На дворе стоял ноябрь, черепичные крыши домов были засыпаны снегом. По улицам Мюнхена катился экипаж. Пара черных лошадей цокала копытами по заледеневшей брусчатке, в морозном воздухе то и дело раздавались сухие щелчки кнута. Мы с отцом покидали Мюнхен и направлялись на юг, по дороге, ведущей к озеру Штарнберг. Чем дальше мы отъезжали от баварской столицы, тем больше крепчал мороз и выше становились сугробы, что вздымались по краям дороги. В бледном небе кружили белые хлопья. Мы углубились в лесную чащу, и нас со всех сторон обступили деревья. Ели стояли так близко друг к другу, что между их стволами почти не было просвета. Их кроны, оттененные белизной снега, казались почти черными. Они тянулись вверх, смыкаясь над нами гигантским шатром, так что наша тропа походила на настоящую пещеру. Сумеречный пейзаж при свете полной луны пугал и в то же время захватывал воображение.
Я не помню, сколько времени прошло, прежде чем мы достигли озера Штарнберг. Обогнув берег, мы взяли вправо и поехали по направлению к озеру Аммер, пока не остановились где-то между Штарнбергом и монастырем Андэкс. Экипаж то и дело встряхивало на ухабах, за колесами тянулся глубокий след. Едва слышное постукивание копыт уносило меня на несколько столетий назад. Ах, баварские леса, суровая длань времени никогда не коснется вас! Внезапно в моем воображении возникли величавые картины рыцарских времен: я будто услышал вокруг себя звон мечей, клятвы паладинов у трона короля, смех пажей, упившихся кислым вином, нежные переливы арфы, голоса невинных дев и пение монахов, шествующих в факельной процессии. Я оказался в месте, которое, как старинный испанский галион, навсегда осталось в прошлом, бросив якорь в мутные воды времени.
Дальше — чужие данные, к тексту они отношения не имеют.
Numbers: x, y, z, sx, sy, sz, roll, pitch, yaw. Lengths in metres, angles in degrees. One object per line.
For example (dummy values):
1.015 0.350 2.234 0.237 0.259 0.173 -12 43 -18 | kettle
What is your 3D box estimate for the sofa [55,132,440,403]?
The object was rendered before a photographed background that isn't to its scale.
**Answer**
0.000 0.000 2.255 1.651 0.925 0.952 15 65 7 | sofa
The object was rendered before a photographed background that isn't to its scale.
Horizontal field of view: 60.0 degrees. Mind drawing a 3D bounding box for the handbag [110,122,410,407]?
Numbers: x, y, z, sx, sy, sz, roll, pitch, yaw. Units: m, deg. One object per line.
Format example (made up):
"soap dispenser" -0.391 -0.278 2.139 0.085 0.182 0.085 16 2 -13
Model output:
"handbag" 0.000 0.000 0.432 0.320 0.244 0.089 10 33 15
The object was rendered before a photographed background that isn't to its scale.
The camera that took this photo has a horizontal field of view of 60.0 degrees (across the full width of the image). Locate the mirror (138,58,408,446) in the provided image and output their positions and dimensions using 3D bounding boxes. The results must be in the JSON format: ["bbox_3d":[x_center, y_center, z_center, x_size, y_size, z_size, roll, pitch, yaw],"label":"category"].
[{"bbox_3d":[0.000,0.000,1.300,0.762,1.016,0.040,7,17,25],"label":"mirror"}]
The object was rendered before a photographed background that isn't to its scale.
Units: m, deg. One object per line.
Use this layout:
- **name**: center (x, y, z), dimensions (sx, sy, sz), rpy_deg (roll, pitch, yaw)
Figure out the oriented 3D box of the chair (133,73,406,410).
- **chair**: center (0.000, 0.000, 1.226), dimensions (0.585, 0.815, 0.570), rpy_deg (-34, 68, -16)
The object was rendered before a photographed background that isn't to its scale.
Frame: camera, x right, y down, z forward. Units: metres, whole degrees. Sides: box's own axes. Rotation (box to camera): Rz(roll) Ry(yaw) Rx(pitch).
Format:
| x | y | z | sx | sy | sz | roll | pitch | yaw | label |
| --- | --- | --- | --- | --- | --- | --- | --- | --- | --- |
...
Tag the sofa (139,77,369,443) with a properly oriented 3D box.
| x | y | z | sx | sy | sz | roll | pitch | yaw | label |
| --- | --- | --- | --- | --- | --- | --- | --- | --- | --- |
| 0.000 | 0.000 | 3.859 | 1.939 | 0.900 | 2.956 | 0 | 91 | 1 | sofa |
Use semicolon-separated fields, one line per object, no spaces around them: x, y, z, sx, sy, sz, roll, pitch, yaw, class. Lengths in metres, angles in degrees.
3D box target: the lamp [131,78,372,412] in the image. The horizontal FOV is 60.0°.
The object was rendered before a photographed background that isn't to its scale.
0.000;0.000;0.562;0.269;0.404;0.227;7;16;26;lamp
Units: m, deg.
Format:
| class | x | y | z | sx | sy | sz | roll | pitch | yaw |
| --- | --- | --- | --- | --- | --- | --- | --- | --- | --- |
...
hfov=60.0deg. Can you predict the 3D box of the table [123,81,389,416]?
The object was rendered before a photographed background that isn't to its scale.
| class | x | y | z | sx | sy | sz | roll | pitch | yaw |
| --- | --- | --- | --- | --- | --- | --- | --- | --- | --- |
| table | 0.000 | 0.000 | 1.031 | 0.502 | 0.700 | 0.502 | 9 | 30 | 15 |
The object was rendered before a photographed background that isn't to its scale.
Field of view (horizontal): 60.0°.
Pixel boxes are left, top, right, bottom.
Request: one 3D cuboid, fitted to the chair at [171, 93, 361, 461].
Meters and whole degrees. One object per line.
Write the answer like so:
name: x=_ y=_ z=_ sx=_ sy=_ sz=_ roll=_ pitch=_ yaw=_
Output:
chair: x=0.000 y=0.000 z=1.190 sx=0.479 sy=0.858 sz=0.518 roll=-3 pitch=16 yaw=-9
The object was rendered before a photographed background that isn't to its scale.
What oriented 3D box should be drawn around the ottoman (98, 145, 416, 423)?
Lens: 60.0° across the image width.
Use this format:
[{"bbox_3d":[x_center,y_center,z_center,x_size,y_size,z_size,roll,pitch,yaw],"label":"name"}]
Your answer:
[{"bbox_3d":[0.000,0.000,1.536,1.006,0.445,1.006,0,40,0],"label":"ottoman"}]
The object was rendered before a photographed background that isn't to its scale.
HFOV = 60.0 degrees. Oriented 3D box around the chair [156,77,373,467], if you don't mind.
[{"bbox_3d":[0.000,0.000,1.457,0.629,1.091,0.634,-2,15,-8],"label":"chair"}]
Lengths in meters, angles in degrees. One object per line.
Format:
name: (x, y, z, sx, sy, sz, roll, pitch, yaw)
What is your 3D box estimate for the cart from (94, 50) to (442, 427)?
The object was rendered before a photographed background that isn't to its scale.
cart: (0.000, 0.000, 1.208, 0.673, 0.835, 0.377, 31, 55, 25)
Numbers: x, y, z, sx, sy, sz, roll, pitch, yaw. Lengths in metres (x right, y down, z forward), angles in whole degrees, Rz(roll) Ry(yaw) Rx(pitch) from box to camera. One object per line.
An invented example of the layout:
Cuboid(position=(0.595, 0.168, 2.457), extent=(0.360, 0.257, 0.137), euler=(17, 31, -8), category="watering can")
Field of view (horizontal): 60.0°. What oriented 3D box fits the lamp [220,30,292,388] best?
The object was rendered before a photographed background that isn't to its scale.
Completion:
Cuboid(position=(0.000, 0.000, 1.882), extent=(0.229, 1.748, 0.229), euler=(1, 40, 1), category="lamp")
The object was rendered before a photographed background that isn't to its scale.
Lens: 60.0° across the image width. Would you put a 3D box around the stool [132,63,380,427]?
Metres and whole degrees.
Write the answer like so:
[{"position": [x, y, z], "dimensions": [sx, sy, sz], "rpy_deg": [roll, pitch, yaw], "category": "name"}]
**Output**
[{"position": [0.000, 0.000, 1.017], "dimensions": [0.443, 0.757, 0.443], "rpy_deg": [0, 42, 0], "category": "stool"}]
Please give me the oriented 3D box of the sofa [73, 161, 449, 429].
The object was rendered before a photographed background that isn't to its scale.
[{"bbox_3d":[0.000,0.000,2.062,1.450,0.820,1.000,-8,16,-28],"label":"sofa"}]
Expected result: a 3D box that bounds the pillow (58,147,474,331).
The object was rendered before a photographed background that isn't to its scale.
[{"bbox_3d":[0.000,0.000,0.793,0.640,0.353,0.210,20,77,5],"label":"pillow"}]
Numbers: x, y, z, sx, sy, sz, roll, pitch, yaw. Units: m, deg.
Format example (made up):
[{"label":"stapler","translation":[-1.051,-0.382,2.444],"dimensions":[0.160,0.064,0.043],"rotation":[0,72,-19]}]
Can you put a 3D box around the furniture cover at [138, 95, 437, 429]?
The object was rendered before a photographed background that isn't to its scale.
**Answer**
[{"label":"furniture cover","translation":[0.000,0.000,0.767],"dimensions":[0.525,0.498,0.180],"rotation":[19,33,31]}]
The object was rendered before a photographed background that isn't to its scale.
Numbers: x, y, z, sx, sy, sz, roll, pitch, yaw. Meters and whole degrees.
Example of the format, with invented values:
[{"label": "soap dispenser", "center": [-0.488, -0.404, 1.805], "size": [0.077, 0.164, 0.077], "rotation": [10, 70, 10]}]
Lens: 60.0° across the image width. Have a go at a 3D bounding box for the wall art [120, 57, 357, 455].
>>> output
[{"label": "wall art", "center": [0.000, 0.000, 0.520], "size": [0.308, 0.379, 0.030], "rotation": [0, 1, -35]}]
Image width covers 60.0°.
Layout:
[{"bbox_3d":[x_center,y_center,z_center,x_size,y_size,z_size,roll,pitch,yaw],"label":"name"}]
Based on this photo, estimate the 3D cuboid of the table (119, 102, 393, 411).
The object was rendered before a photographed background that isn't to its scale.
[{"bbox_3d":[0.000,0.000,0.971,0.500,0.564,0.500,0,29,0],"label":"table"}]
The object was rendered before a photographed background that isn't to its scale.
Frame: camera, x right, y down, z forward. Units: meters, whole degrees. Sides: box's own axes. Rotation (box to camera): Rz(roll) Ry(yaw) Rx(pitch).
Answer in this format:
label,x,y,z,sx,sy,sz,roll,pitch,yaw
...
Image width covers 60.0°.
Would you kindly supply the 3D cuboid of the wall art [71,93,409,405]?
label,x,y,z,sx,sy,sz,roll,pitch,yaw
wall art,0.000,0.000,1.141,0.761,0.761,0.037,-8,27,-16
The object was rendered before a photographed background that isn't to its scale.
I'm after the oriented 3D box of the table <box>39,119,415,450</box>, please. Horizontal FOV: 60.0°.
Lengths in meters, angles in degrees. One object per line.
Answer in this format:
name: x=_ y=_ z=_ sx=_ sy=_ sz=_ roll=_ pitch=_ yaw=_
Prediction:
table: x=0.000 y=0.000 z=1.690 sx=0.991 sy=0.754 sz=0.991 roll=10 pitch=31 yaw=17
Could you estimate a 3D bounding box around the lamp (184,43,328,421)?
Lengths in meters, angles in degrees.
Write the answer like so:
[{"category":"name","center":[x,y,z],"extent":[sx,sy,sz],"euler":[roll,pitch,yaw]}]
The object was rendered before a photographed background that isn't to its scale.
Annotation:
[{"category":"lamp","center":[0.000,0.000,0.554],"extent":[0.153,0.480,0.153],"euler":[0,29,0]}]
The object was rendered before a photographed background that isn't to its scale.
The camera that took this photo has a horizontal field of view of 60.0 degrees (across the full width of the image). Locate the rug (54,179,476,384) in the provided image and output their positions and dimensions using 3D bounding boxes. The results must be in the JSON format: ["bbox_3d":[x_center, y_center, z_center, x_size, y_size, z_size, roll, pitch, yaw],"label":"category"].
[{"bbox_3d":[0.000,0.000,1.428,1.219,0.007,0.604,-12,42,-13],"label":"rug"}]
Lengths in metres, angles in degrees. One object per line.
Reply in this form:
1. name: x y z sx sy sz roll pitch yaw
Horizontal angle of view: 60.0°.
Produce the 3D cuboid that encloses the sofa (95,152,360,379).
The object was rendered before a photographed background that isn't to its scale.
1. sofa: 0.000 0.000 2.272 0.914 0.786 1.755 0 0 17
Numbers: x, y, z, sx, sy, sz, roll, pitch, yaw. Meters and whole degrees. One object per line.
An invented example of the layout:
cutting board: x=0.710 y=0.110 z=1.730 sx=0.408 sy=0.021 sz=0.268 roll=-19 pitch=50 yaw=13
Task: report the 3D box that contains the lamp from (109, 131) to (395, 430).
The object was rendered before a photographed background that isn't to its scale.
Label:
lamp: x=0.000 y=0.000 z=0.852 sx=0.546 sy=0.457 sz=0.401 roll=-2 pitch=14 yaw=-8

Мы свернули с тропы и уткнулись в стену, сложенную из серого камня.
— Высшая школа певческого мастерства, — провозгласил кучер, выпустив изо рта облачко пара, которое тут же рассеялось. Пошел снег. Снежинки кружили в воздухе — легкие, невесомые, как будто сила земного притяжения была над ними не властна. Дорога шла вдоль стены, вправо. Казалось, за стеной, очерчивающей границы школы, по всему периметру, мог бы укрыться целый город.
Со стен школы на нас смотрели разрушенные статуи. Все они изображали хор ангелов — обнаженных крылатых мальчиков. У ангелов были открыты рты, как будто они поют. Кроме того, каждый ангел держал в руке миниатюрный музыкальный инструмент — кларнет, кифару или рожок. Мрамор потемнел от времени и сырости, покрылся плесенью и мхом. Я вздрогнул, неожиданно почувствовав, каким обжигающе холодным должен быть снег, лежащий на их плечах. Снежинки падали на почерневшие лица и скатывались по щекам и застывали в форме слез. Ледяные слезы. Каменные крылья казались почти настоящими, скульптор сумел запечатлеть в мраморе почти неуловимое ощущение полета, но тот же скульптор вылепил лица невыразительными, бесстрастными, лишенными жизни… Чистый, нежный голос мальчика исполнен любви, но если бы эти ангелы могли петь, то их голоса не пробудили бы в слушателе ничего, кроме леденящего холода. Некоторые пьедесталы пустовали: на каждом втором или третьем не было поющего ангела. Казалось, будто я оказался в городе, где незадолго до этого свирепствовала эпидемия чумы и выкосила половину жителей. Такое зрелище навевало на меня грусть.
Но больше всего поразило меня то, что я услышал, когда мы въехали в ворота и оказались на территории школы. Отец Стефан, хотя из леса до меня доносились хлопанье крыльев и свист ветра, за этими стенами царило молчание. Впервые в жизни я, чей слух был способен уловить малейшее колебание воздуха, стук сердца, дрожание век, ничего не услышал. Меня окружало полное безмолвие. И я догадался, что этому месту недостает души.